Underhill’s Entry and Fight
Underhill’s narrative and battle-related artifacts recovered from the southwest entrance indicate his division gained entry into Mistick Fort and engaged Pequot warriors for only a short time —after Mason had set the fort on fire. Only four battle-related artifacts were recovered from the southwest quadrant: a dropped carbine or musket ball, a gunflint, a fragment from a pikeman’s armor, and a hand-wrought iron hook (commonly associated with accoutrements). Underhill’s attempt to enter the fort was hotly contested, and his contingent also suffered quick casualties.
Redeployment and Fight in Western Quadrant of Battlefield
When Mason exited the fort, his detachment joined Underhill in the southwest quadrant outside the palisade. The nature and distribution of objects outside the fort is consistent with the reconstruction of the actions and positions during the final phase of the battle. English positions, individual and unit, were identified based on the location of dropped musket balls and equipment assemblages. The presence and positions of the Native allies were identified based on recovery of triangular and conical brass arrow points outside the fort walls. The locations of these points are consistent with primary accounts, including Underhill’s depiction in print of the battle. The Native allies encircled English positions surrounding the fort.

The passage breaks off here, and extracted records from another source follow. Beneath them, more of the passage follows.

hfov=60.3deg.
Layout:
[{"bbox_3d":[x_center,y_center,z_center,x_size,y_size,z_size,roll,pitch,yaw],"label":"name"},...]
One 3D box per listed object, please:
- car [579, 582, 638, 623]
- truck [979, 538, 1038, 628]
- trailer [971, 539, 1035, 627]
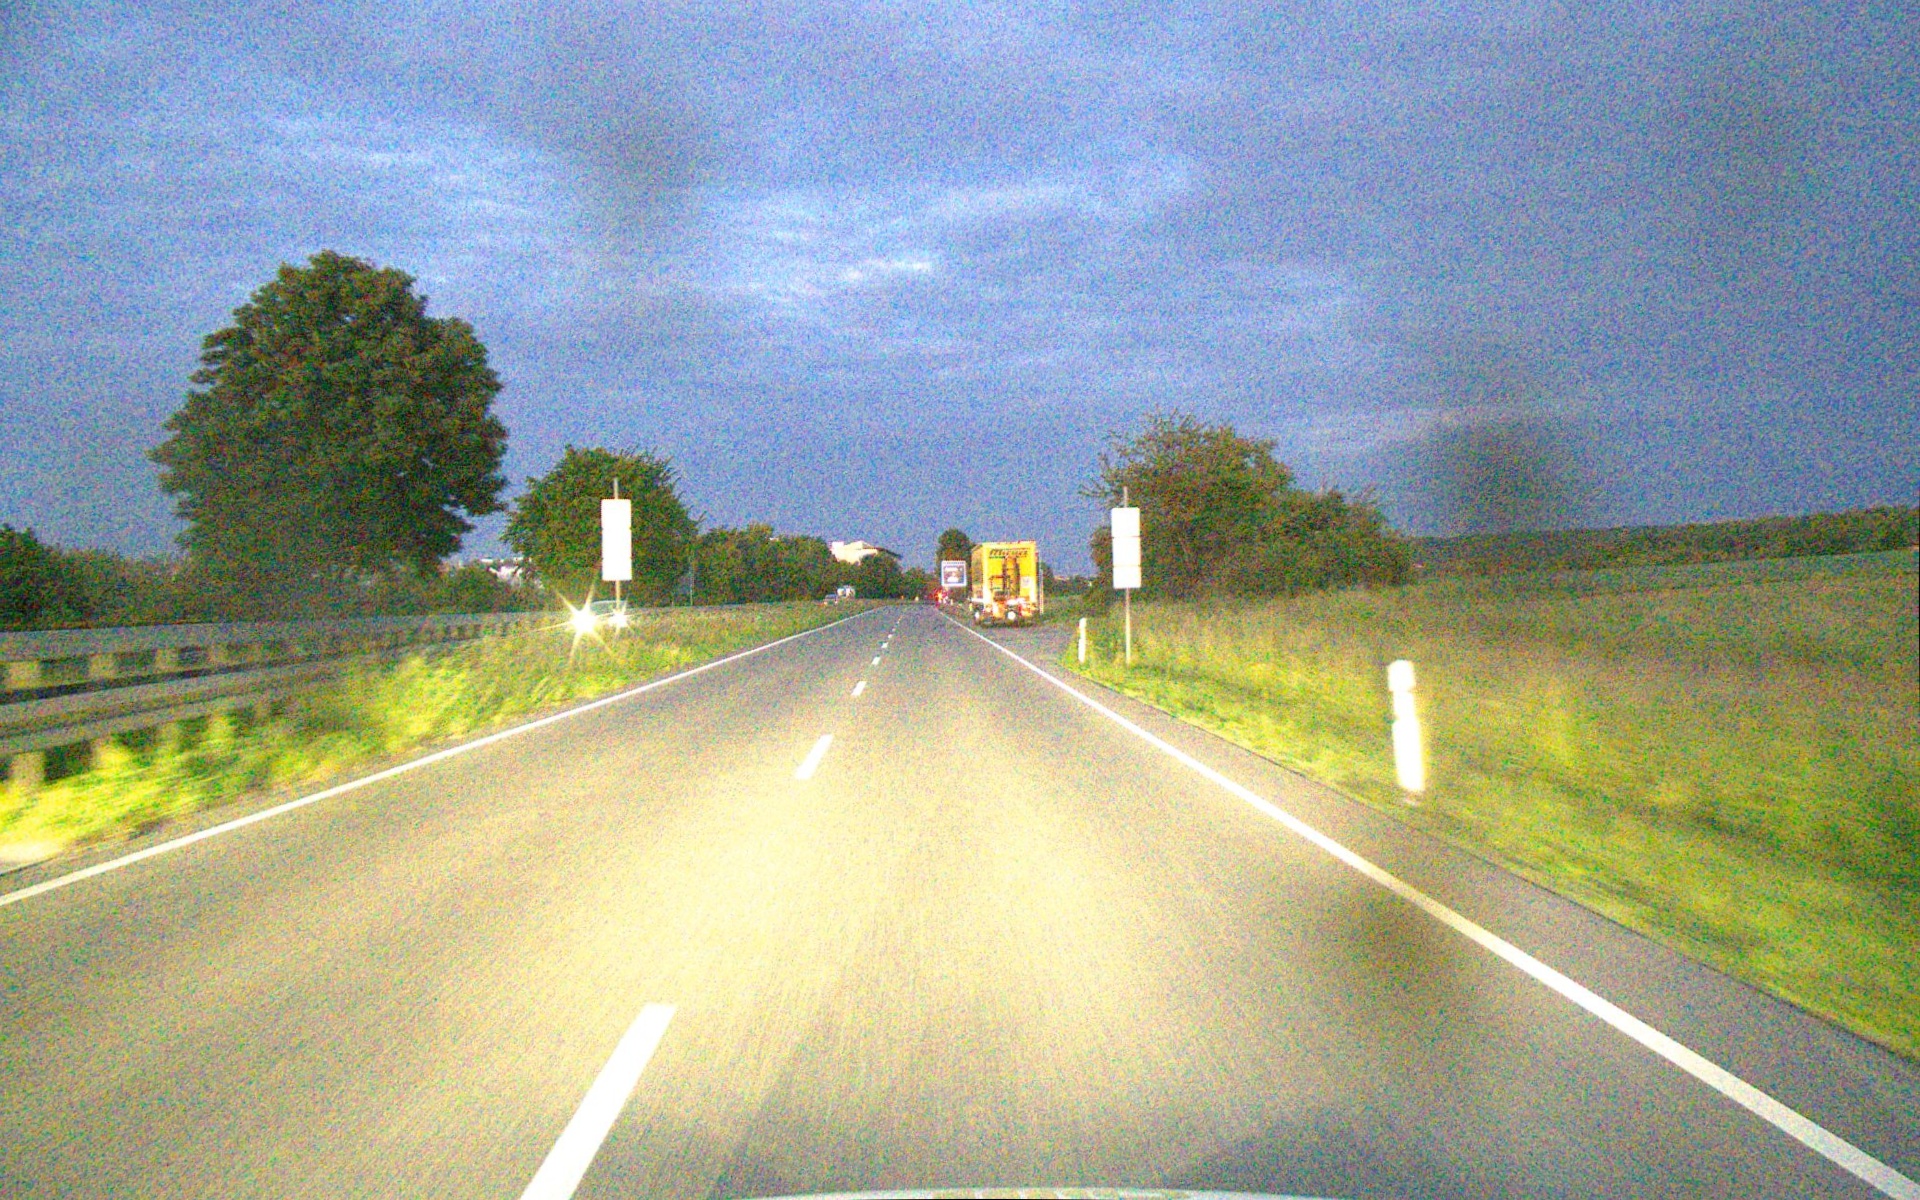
[{"bbox_3d":[-13.756,0.087,64.917,1.622,1.531,3.998,1,0,-3],"label":"car"},{"bbox_3d":[2.274,-0.803,79.098,2.527,4.142,6.129,0,0,-1],"label":"truck"},{"bbox_3d":[2.094,-0.836,85.856,2.569,4.175,12.933,-1,0,-2],"label":"trailer"}]

The density and distribution of impacted musket balls, arrow points, and dropped and broken equipment indicate intense fighting over a large area. Native-allied lines are marked by brass arrow points, both conical and flat. English positions (identified by a concentration of weapons and equipment) were located in the southwest quadrant of the battlefield approximately 150 feet from the palisade entrance, a strategic placement to intercept fleeing Pequot. Collectively, the nature, distribution, and direction of fire of projectiles, equipment, and weapons indicate a chaotic melee, an intense battle acrossthe west half. The hand-to-hand fighting reported by sources is represented by the recovered artifacts of broken equipment.
BEYOND THE BATTLEFIELD
The Pequot War forever changed the political and social landscape of southern New England, and its events, specifically the “massacre” at Mistick Fort, demonstrated to all Native peoples of the region the political will and technological ability of the English to wage total war against Native people. The defeat of the Pequot created a power vacuum that initiated 40 years of intertribal warfare as other Native tribes sought dominance in the region. Many Pequot War historians simply undervalued the sophistication of the planning of English soldiers who participated in the Mistick Campaign. The English success at Mistick, and for the remainder of the war, was previously attributed primarily to superior military technology. In fact, English successes were achieved through a combination of intelligence gathering, careful planning, prior military experience, and tactical adjustments based on encounters at Thames River, Saybrook Fort, and Wethersfield. New research shows that nearly one-half of the soldiers had previous combat experience from service under English regiments during the Thirty Years War (1618- 1648) in the Low Countries. The prior experience of hardened veterans contributed to the defeat of the Pequot at Mistick.
The Mashantucket Pequot Museum & Research Center continues to identify additional battlefields of the Pequot War with support from the National Park Service American Battlefield Protection Program. In 2013, archaeological work at both the site of the English retreat from Mistick Fort and the original Saybrook Fort will further define events of the war across the Connecticut landscape.